--- SOURCE MATERIAL ---

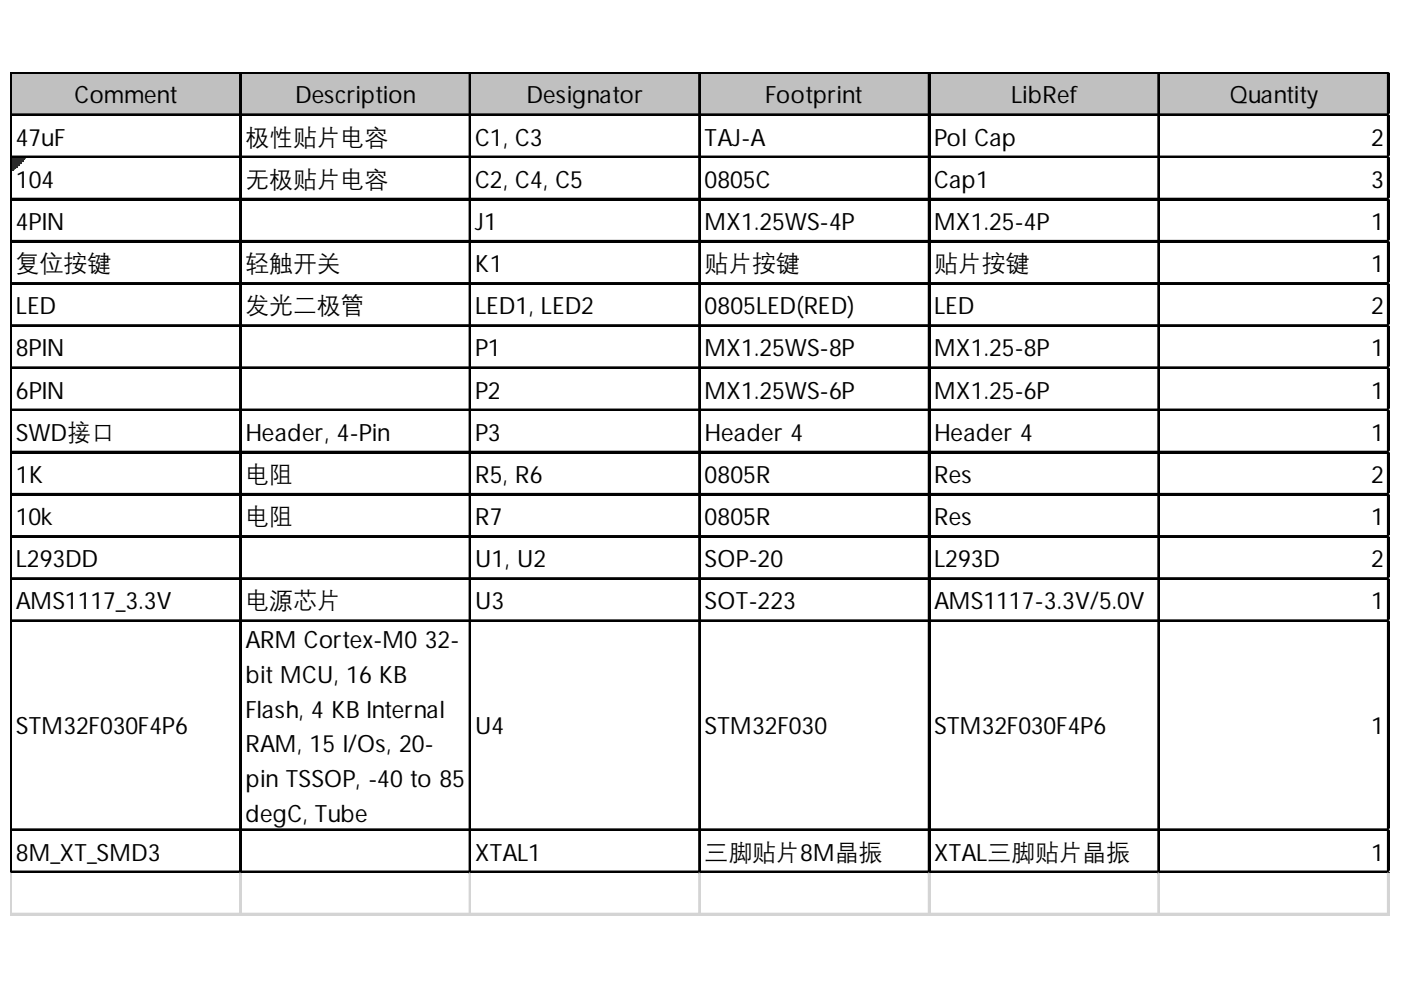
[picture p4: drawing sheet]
<svg xmlns="http://www.w3.org/2000/svg" width="297mm" height="210mm" viewBox="0 0 297 210" stroke-linecap="round" stroke-linejoin="round" font-family="sans-serif">
<defs><g id="words">
<g font-size="5.1">
<text x="15.8" y="21.9">Comment</text>
<text x="62.6" y="21.9">Description</text>
<text x="111.6" y="21.9">Designator</text>
<text x="162.2" y="21.9">Footprint</text>
<text x="214.4" y="21.9">LibRef</text>
<text x="260.8" y="21.9">Quantity</text>
<text x="3.4" y="30.9">47uF</text>
<text x="52" y="30.7">极性贴片电容</text>
<text x="100.7" y="30.9">C1, C3</text>
<text x="149.4" y="30.9">TAJ-A</text>
<text x="198.1" y="30.9">Pol Cap</text>
<text x="290.7" y="30.9">2</text>
<text x="3.4" y="39.8">104</text>
<text x="52" y="39.6">无极贴片电容</text>
<text x="100.7" y="39.8">C2, C4, C5</text>
<text x="149.4" y="39.8">0805C</text>
<text x="198.1" y="39.8">Cap1</text>
<text x="290.7" y="39.8">3</text>
<text x="3.4" y="48.7">4PIN</text>
<text x="100.7" y="48.7">J1</text>
<text x="149.4" y="48.7">MX1.25WS-4P</text>
<text x="198.1" y="48.7">MX1.25-4P</text>
<text x="290.7" y="48.7">1</text>
<text x="3.4" y="57.5">复位按键</text>
<text x="52" y="57.5">轻触开关</text>
<text x="100.7" y="57.7">K1</text>
<text x="149.4" y="57.5">贴片按键</text>
<text x="198.1" y="57.5">贴片按键</text>
<text x="290.7" y="57.7">1</text>
<text x="3.4" y="66.6">LED</text>
<text x="52" y="66.4">发光二极管</text>
<text x="100.7" y="66.6">LED1, LED2</text>
<text x="149.4" y="66.6">0805LED(RED)</text>
<text x="198.1" y="66.6">LED</text>
<text x="290.7" y="66.6">2</text>
<text x="3.4" y="75.6">8PIN</text>
<text x="100.7" y="75.6">P1</text>
<text x="149.4" y="75.6">MX1.25WS-8P</text>
<text x="198.1" y="75.6">MX1.25-8P</text>
<text x="290.7" y="75.6">1</text>
<text x="3.4" y="84.5">6PIN</text>
<text x="100.7" y="84.5">P2</text>
<text x="149.4" y="84.5">MX1.25WS-6P</text>
<text x="198.1" y="84.5">MX1.25-6P</text>
<text x="290.7" y="84.5">1</text>
<text x="3.4" y="93.4">SWD接口</text>
<text x="52" y="93.4">Header, 4-Pin</text>
<text x="100.7" y="93.4">P3</text>
<text x="149.4" y="93.4">Header 4</text>
<text x="198.1" y="93.4">Header 4</text>
<text x="290.7" y="93.4">1</text>
<text x="3.4" y="102.4">1K</text>
<text x="52" y="102.2">电阻</text>
<text x="100.7" y="102.4">R5, R6</text>
<text x="149.4" y="102.4">0805R</text>
<text x="198.1" y="102.4">Res</text>
<text x="290.7" y="102.4">2</text>
<text x="3.4" y="111.3">10k</text>
<text x="52" y="111.1">电阻</text>
<text x="100.7" y="111.3">R7</text>
<text x="149.4" y="111.3">0805R</text>
<text x="198.1" y="111.3">Res</text>
<text x="290.7" y="111.3">1</text>
<text x="3.4" y="120.3">L293DD</text>
<text x="100.7" y="120.3">U1, U2</text>
<text x="149.4" y="120.3">SOP-20</text>
<text x="198.1" y="120.3">L293D</text>
<text x="290.7" y="120.3">2</text>
<text x="3.4" y="129.2">AMS1117_3.3V</text>
<text x="52" y="129">电源芯片</text>
<text x="100.7" y="129.2">U3</text>
<text x="149.4" y="129.2">SOT-223</text>
<text x="198.1" y="129.2">AMS1117-3.3V/5.0V</text>
<text x="290.7" y="129.2">1</text>
<text x="52" y="137.4">ARM Cortex-M0 32-</text>
<text x="52" y="144.7">bit MCU, 16 KB</text>
<text x="3.4" y="155.6">STM32F030F4P6</text>
<text x="52" y="152.1">Flash, 4 KB Internal</text>
<text x="100.7" y="155.6">U4</text>
<text x="149.4" y="155.6">STM32F030</text>
<text x="198.1" y="155.6">STM32F030F4P6</text>
<text x="290.7" y="155.6">1</text>
<text x="52" y="159.5">RAM, 15 I/Os, 20-</text>
<text x="52" y="166.9">pin TSSOP, -40 to 85</text>
<text x="52" y="174.3">degC, Tube</text>
<text x="3.4" y="182.4">8M_XT_SMD3</text>
<text x="100.7" y="182.4">XTAL1</text>
<text x="149.4" y="182.3">三脚贴片8M晶振</text>
<text x="198.1" y="182.4">XTAL三脚贴片晶振</text>
<text x="290.7" y="182.4">1</text>
</g>
</g></defs>
<path d="M2.5 15.6h292.1v9h-292.1z" fill="#c0c0c0"/>
<path d="M2.6 33.6h2.7M2.6 33.8h2.7M2.6 34h2.3M2.6 34.1h2.3M2.6 34.3h1.9" fill="none" stroke="#008000" stroke-width=".39"/>
<path d="M2.6 34.3h1.9v.4h-1.9z" fill="#008000"/>
<path d="M2.6 34.7h1.5" fill="none" stroke="#008000" stroke-width=".39"/>
<path d="M2.6 34.7h1.5v.4h-1.5z" fill="#008000"/>
<path d="M2.6 35.1h1.2" fill="none" stroke="#008000" stroke-width=".39"/>
<path d="M2.6 35.1h1.2v.4h-1.2z" fill="#008000"/>
<path d="M2.6 35.5h.8" fill="none" stroke="#008000" stroke-width=".39"/>
<path d="M2.6 35.5h.8v.4h-.8z" fill="#008000"/>
<path d="M2.6 35.9h.4" fill="none" stroke="#008000" stroke-width=".39"/>
<path d="M2.6 35.9h.4v.4h-.4z" fill="#008000"/>
<g fill="none" stroke="#000" stroke-width=".39">
<path d="M2.2 15.3v169.9M2.4 15.3v169.9M2.6 15.3h292M2.6 15.5h292M50.9 15.7v169.5M51.1 15.7v169.5M99.5 15.7v169.5M99.7 15.7v169.5M148.2 15.7v169.5M148.4 15.7v169.5M196.9 15.7v169.5M197.1 15.7v169.5"/>
<path d="M245.6 15.7v169.5M245.8 15.7v169.5M294.2 15.7v169.5M294.4 15.7v169.5M2.6 24.2h292M2.6 24.4h292M2.6 33.2h292M2.6 33.4h292M2.6 42.1h292M2.6 42.3h292M2.6 51.1h292M2.6 51.2h292"/>
<path d="M2.6 60h292M2.6 60.2h292M2.6 68.9h292M2.6 69.1h292M2.6 77.9h292M2.6 78.1h292M2.6 86.8h292M2.6 87h292M2.6 95.8h292M2.6 95.9h292M2.6 104.7h292M2.6 104.9h292"/>
<path d="M2.6 113.6h292M2.6 113.8h292M2.6 122.6h292M2.6 122.8h292M2.6 131.5h292M2.6 131.7h292M2.6 175.8h292M2.6 176h292M2.6 184.8h292M2.6 185h292"/>
</g>
<g fill="none" stroke="#d4d4d4" stroke-width=".39">
<path d="M294.6 15.3h.1M2.2 185.2v8.9M2.4 185.2v8.9M50.9 185.2v8.9M51.1 185.2v8.9M99.5 185.2v8.9M99.7 185.2v8.9M148.2 185.2v8.9M148.4 185.2v8.9M196.9 185.2v8.9M197.1 185.2v8.9M245.6 185.2v8.9"/>
<path d="M245.8 185.2v8.9M294.2 185.2v8.9M294.4 185.2v8.9"/>
</g>
<path d="M294.6 15.3l.1 .4z" fill="#d4d4d4"/>
<path d="M294.6 24.2h.1" fill="none" stroke="#d4d4d4" stroke-width=".39"/>
<path d="M294.6 24.2l.1 .4z" fill="#d4d4d4"/>
<path d="M294.6 33.2h.1" fill="none" stroke="#d4d4d4" stroke-width=".39"/>
<path d="M294.6 33.2l.1 .4z" fill="#d4d4d4"/>
<path d="M294.6 42.1h.1" fill="none" stroke="#d4d4d4" stroke-width=".39"/>
<path d="M294.6 42.1l.1 .4z" fill="#d4d4d4"/>
<path d="M294.6 51.1h.1" fill="none" stroke="#d4d4d4" stroke-width=".39"/>
<path d="M294.6 51.1l.1 .3z" fill="#d4d4d4"/>
<path d="M294.6 60h.1" fill="none" stroke="#d4d4d4" stroke-width=".39"/>
<path d="M294.6 60l.1 .4z" fill="#d4d4d4"/>
<path d="M294.6 68.9h.1" fill="none" stroke="#d4d4d4" stroke-width=".39"/>
<path d="M294.6 68.9l.1 .4z" fill="#d4d4d4"/>
<path d="M294.6 77.9h.1" fill="none" stroke="#d4d4d4" stroke-width=".39"/>
<path d="M294.6 77.9l.1 .4z" fill="#d4d4d4"/>
<path d="M294.6 86.8h.1" fill="none" stroke="#d4d4d4" stroke-width=".39"/>
<path d="M294.6 86.8l.1 .4z" fill="#d4d4d4"/>
<path d="M294.6 95.8h.1" fill="none" stroke="#d4d4d4" stroke-width=".39"/>
<path d="M294.6 95.8l.1 .3z" fill="#d4d4d4"/>
<path d="M294.6 104.7h.1" fill="none" stroke="#d4d4d4" stroke-width=".39"/>
<path d="M294.6 104.7l.1 .4z" fill="#d4d4d4"/>
<path d="M294.6 113.6h.1" fill="none" stroke="#d4d4d4" stroke-width=".39"/>
<path d="M294.6 113.6l.1 .4z" fill="#d4d4d4"/>
<path d="M294.6 122.6h.1" fill="none" stroke="#d4d4d4" stroke-width=".39"/>
<path d="M294.6 122.6l.1 .4z" fill="#d4d4d4"/>
<path d="M294.6 131.5h.1" fill="none" stroke="#d4d4d4" stroke-width=".39"/>
<path d="M294.6 131.5l.1 .4z" fill="#d4d4d4"/>
<path d="M294.6 175.8h.1" fill="none" stroke="#d4d4d4" stroke-width=".39"/>
<path d="M294.6 175.8l.1 .4z" fill="#d4d4d4"/>
<path d="M294.6 184.8h.1" fill="none" stroke="#d4d4d4" stroke-width=".39"/>
<path d="M294.6 184.8l.1 .4z" fill="#d4d4d4"/>
<path d="M2.2 193.7h292.5M2.2 193.9h292.5" fill="none" stroke="#d4d4d4" stroke-width=".39"/>
<use href="#words"/>
</svg>

---

• PROBLEM DESCRIPTION:
Search the data for "贴片按键". Copy each line that has it.

• EXERCISE OUTPUT:
<text x="149.4" y="57.5">贴片按键</text>
<text x="198.1" y="57.5">贴片按键</text>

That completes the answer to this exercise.